*PROBLEM REQUIREMENTS:*
Lines below that hold the word "linetypes" must be copied in full.

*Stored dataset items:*

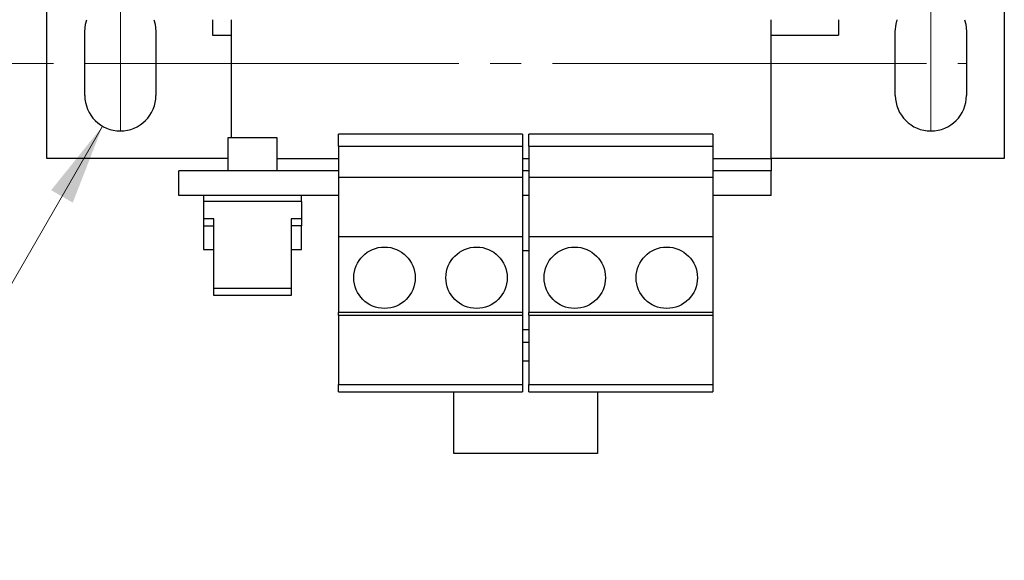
# Model space of a CAD drawing. Header units: millimetres. Extents: x 13 to 546, y 13 to 419.
# Tile 3 of 16: x 102 to 182, y 248 to 292. Entities that reach past the tile are written whole.
import ezdxf

# ---------------------------------------------------------------- set-up
doc = ezdxf.new("R2010")
doc.units = ezdxf.units.MM
doc.header["$LTSCALE"] = 2
doc.linetypes.add('SLD-Center', pattern=[19.05, 15.24, -1.27, 1.27, -1.27])
doc.linetypes.add('SLD-Solid', pattern=[0])
doc.styles.add('SLDTEXTSTYLE0', font='VERDANA.TTF')
doc.dimstyles.new('SLDDIMSTYLE1', dxfattribs={"dimtxt": 4.316016, "dimasz": 6.604, "dimexe": 0, "dimexo": 0.0625, "dimgap": 1.079004, "dimtad": 0, "dimtih": 1, "dimtoh": 1, "dimrnd": 1e-09, "dimzin": 12, "dimdsep": 46, "dimtxsty": 'SLDTEXTSTYLE0', "dimsah": 1, "dimcen": 0.09, "dimadec": 0, "dimazin": 3, "dimtfac": 1, "dimtofl": 0, "dimtmove": 0, "dimatfit": 3, "dimfxl": 0, "dimfrac": 2, "dimtolj": 1, "dimtzin": 12, "dimarcsym": 0})
doc.dimstyles.new('SLDDIMSTYLE4', dxfattribs={"dimtxt": 4.316016, "dimasz": 6.604, "dimexe": 0, "dimexo": 0.0625, "dimgap": 1.079004, "dimtad": 0, "dimtih": 1, "dimtoh": 1, "dimrnd": 1e-09, "dimzin": 12, "dimdsep": 46, "dimtxsty": 'SLDTEXTSTYLE0', "dimsah": 1, "dimcen": 0, "dimadec": 0, "dimazin": 3, "dimtfac": 1, "dimtofl": 0, "dimtmove": 0, "dimatfit": 3, "dimfxl": 0, "dimfrac": 2, "dimtolj": 1, "dimtzin": 12, "dimarcsym": 0})

# ---------------------------------------------------------------- blocks, each defined once
blk = doc.blocks.new('_D_8')
at = {"color": 7, "linetype": 'SLD-Solid', "lineweight": 0}
for p, q in [((104.615, 352.042), (74.962, 352.042)), ((81.312, 352.042), (81.312, 325.823)), ((74.899, 317.997), (73.45, 317.997)), ((73.45, 317.997), (73.45, 311.138)), ((87.725, 317.997), (89.174, 317.997)), ((89.174, 317.997), (89.174, 311.138)), ((73.45, 311.138), (74.899, 311.138)), ((89.174, 311.138), (87.725, 311.138)), ((81.312, 288.542), (81.312, 310.172)), ((104.615, 288.542), (74.962, 288.542))]:
    blk.add_line(p, q, dxfattribs=at)
at = {"color": 7, "linetype": 'SLD-Solid', "lineweight": 18}
for points in [[(81.312, 352.042), (80.296, 345.438), (82.328, 345.438)], [(81.312, 288.542), (82.328, 295.146), (80.296, 295.146)]]:
    blk.add_solid(points, dxfattribs=at)
at = {"color": 7, "linetype": 'SLD-Solid', "lineweight": 18, "char_height": 4.2333, "attachment_point": 1, "style": 'SLDTEXTSTYLE0'}
for s, insert in [('63.5', (74.899, 324.341)), ('2.50', (74.899, 316.515))]:
    blk.add_mtext(s, dxfattribs=dict(at, insert=insert))
blk = doc.blocks.new('_D_10')
at = {"color": 7, "linetype": 'SLD-Solid', "lineweight": 0}
for p, q in [((108.603, 283.431), (93.14, 256.681)), ((63.128, 262.948), (61.679, 262.948)), ((61.679, 262.948), (61.679, 256.089)), ((75.953, 262.948), (77.403, 262.948)), ((77.403, 262.948), (77.403, 256.089)), ((61.679, 256.089), (63.128, 256.089)), ((77.403, 256.089), (75.953, 256.089)), ((93.14, 256.681), (82.027, 256.681))]:
    blk.add_line(p, q, dxfattribs=at)
at = {"color": 7, "linetype": 'SLD-Solid', "lineweight": 18}
blk.add_solid([(108.603, 283.431), (104.419, 278.222), (106.178, 277.205)], dxfattribs=at)
at = {"color": 7, "linetype": 'SLD-Solid', "lineweight": 18, "char_height": 4.2333, "attachment_point": 1, "style": 'SLDTEXTSTYLE0'}
for s, insert in [('%%c', (61.665, 269.291)), ('5.8', (68.182, 269.291)), ('0.23', (63.128, 261.466)), ('X4', (65.813, 253.64))]:
    blk.add_mtext(s, dxfattribs=dict(at, insert=insert))

msp = doc.modelspace()

# ---------------------------------------------------------------- linework, layer by layer
for p, q in [((104.075, 280.792), (104.075, 302.392)), ((182.075, 302.392), (182.075, 280.792)), ((117.575, 292.103), (117.575, 290.842)), ((119.075, 292.103), (119.075, 282.492)), ((163.075, 280.792), (163.075, 292.103)), ((168.575, 292.103), (168.575, 290.842)), ((107.155, 285.942), (107.155, 291.142)), ((112.955, 291.142), (112.955, 285.942)), ((117.575, 290.842), (119.075, 290.842)), ((163.075, 290.842), (168.575, 290.842)), ((173.195, 285.942), (173.195, 291.142)), ((178.995, 291.142), (178.995, 285.942)), ((118.825, 282.492), (118.825, 279.792)), ((120.825, 282.492), (118.825, 282.492)), ((122.825, 282.492), (120.825, 282.492)), ((122.825, 279.792), (122.825, 282.492)), ((142.825, 282.775), (127.825, 282.775)), ((127.825, 281.792), (127.825, 282.775)), ((142.825, 282.775), (142.825, 281.792)), ((158.325, 282.775), (143.325, 282.775)), ((143.325, 281.792), (143.325, 282.775)), ((158.325, 282.775), (158.325, 281.792)), ((127.825, 281.792), (142.825, 281.792)), ((127.825, 281.792), (127.825, 279.292)), ((142.825, 281.792), (142.825, 279.292)), ((143.325, 281.792), (158.325, 281.792)), ((143.325, 281.792), (143.325, 279.292)), ((158.325, 281.792), (158.325, 279.292)), ((118.825, 280.792), (104.075, 280.792)), ((122.825, 280.792), (127.825, 280.792)), ((142.825, 280.792), (143.325, 280.792)), ((158.325, 280.792), (163.075, 280.792)), ((163.075, 280.792), (163.075, 279.792)), ((182.075, 280.792), (163.075, 280.792)), ((114.825, 277.792), (114.825, 279.792)), ((127.825, 279.792), (114.825, 279.792)), ((127.825, 279.292), (142.825, 279.292)), ((127.825, 279.292), (127.825, 274.442)), ((143.325, 279.792), (142.825, 279.792)), ((142.825, 279.292), (142.825, 274.442)), ((143.325, 279.292), (158.325, 279.292)), ((143.325, 279.292), (143.325, 274.442)), ((163.075, 279.792), (158.325, 279.792)), ((158.325, 279.292), (158.325, 274.442)), ((163.075, 277.792), (163.075, 279.792)), ((127.825, 277.792), (114.825, 277.792)), ((116.825, 277.792), (116.825, 277.292)), ((124.825, 277.292), (124.825, 277.792)), ((143.325, 277.792), (142.825, 277.792)), ((163.075, 277.792), (158.325, 277.792)), ((116.825, 277.292), (116.825, 275.878)), ((124.825, 277.292), (116.825, 277.292)), ((124.825, 277.292), (124.825, 275.878)), ((117.675, 275.878), (116.825, 275.878)), ((116.825, 275.878), (116.825, 275.312)), ((116.825, 275.312), (116.825, 273.392)), ((116.825, 275.312), (117.675, 275.312)), ((117.675, 270.221), (117.675, 275.878)), ((124.825, 275.878), (123.975, 275.878)), ((123.975, 275.878), (123.975, 270.221)), ((124.825, 275.312), (123.975, 275.312)), ((124.825, 275.878), (124.825, 275.312)), ((124.825, 273.392), (124.825, 275.312)), ((127.825, 274.442), (142.825, 274.442)), ((127.825, 274.442), (127.825, 268.271)), ((142.825, 274.442), (142.825, 268.271)), ((143.325, 274.442), (158.325, 274.442)), ((143.325, 274.442), (143.325, 268.271)), ((158.325, 274.442), (158.325, 268.271)), ((116.825, 273.392), (117.675, 273.392)), ((123.975, 273.392), (124.825, 273.392)), ((143.325, 273.292), (142.825, 273.292)), ((123.975, 270.221), (117.675, 270.221)), ((117.675, 269.655), (117.675, 270.221)), ((123.975, 269.655), (117.675, 269.655)), ((123.975, 270.221), (123.975, 269.655)), ((142.825, 268.271), (127.825, 268.271)), ((127.825, 268.042), (127.825, 268.271)), ((127.825, 268.042), (142.825, 268.042)), ((127.825, 268.042), (127.825, 262.396)), ((142.825, 268.271), (142.825, 268.042)), ((142.825, 268.042), (142.825, 262.396)), ((158.325, 268.271), (143.325, 268.271)), ((143.325, 268.042), (143.325, 268.271)), ((143.325, 268.042), (158.325, 268.042)), ((143.325, 268.042), (143.325, 262.396)), ((158.325, 268.271), (158.325, 268.042)), ((158.325, 268.042), (158.325, 262.396)), ((143.325, 266.863), (142.825, 266.863)), ((143.325, 265.813), (142.825, 265.813)), ((143.325, 264.292), (142.825, 264.292)), ((127.825, 262.396), (142.825, 262.396)), ((127.825, 261.792), (127.825, 262.396)), ((142.825, 262.396), (142.825, 261.792)), ((143.325, 262.396), (158.325, 262.396)), ((143.325, 261.792), (143.325, 262.396)), ((158.325, 262.396), (158.325, 261.792)), ((127.825, 261.792), (142.825, 261.792)), ((137.225, 256.792), (137.225, 261.792)), ((143.325, 261.792), (158.325, 261.792)), ((148.925, 261.792), (148.925, 256.792)), ((148.925, 256.792), (137.225, 256.792))]:
    msp.add_line(p, q)
at = {"color": 7, "linetype": 'SLD-Center', "lineweight": 18}
for p, q in [((110.055, 294.042), (110.055, 283.042)), ((176.095, 294.042), (176.095, 283.042)), ((107.155, 288.542), (178.995, 288.542))]:
    msp.add_line(p, q, dxfattribs=at)
at = {"flags": 128}
for points in [[(107.155, 291.142), (107.218, 291.745), (107.318, 292.103)], [(112.791, 292.103), (112.891, 291.745), (112.955, 291.142)], [(173.195, 291.142), (173.258, 291.745), (173.358, 292.103)], [(178.831, 292.103), (178.931, 291.745), (178.995, 291.142)]]:
    msp.add_lwpolyline(points, dxfattribs=at)
for centre in [(131.575, 271.092), (139.075, 271.092), (147.075, 271.092), (154.575, 271.092)]:
    msp.add_circle(centre, 2.5)
for centre in [(110.055, 285.942), (176.095, 285.942)]:
    msp.add_arc(centre, 2.9, 180, 0)

# ---------------------------------------------------------------- dimensions: what is measured, and where the dimension line sits
at = {"color": 7, "linetype": 'SLD-Solid', "lineweight": 18}
dim = msp.add_linear_dim(base=(81.312, 288.542), p1=(107.155, 352.042), p2=(107.155, 288.542), angle=90, dimstyle='SLDDIMSTYLE1', dxfattribs=at)
dim.commit()
dim.dimension.update_dxf_attribs({"geometry": '_D_8', "text_midpoint": (81.312, 317.997), "dimtype": 160})
dim = msp.add_diameter_dim_2p(p1=(111.506, 288.453), p2=(108.603, 283.431), text='<>\\PX4', dimstyle='SLDDIMSTYLE4', dxfattribs=at)
dim.commit()
dim.dimension.update_dxf_attribs({"geometry": '_D_10', "text_midpoint": (69.541, 258.911), "dimtype": 163})

doc.saveas('drawing.dxf')

*TASK ANSWER:*
doc.linetypes.add('SLD-Center', pattern=[19.05, 15.24, -1.27, 1.27, -1.27])
doc.linetypes.add('SLD-Solid', pattern=[0])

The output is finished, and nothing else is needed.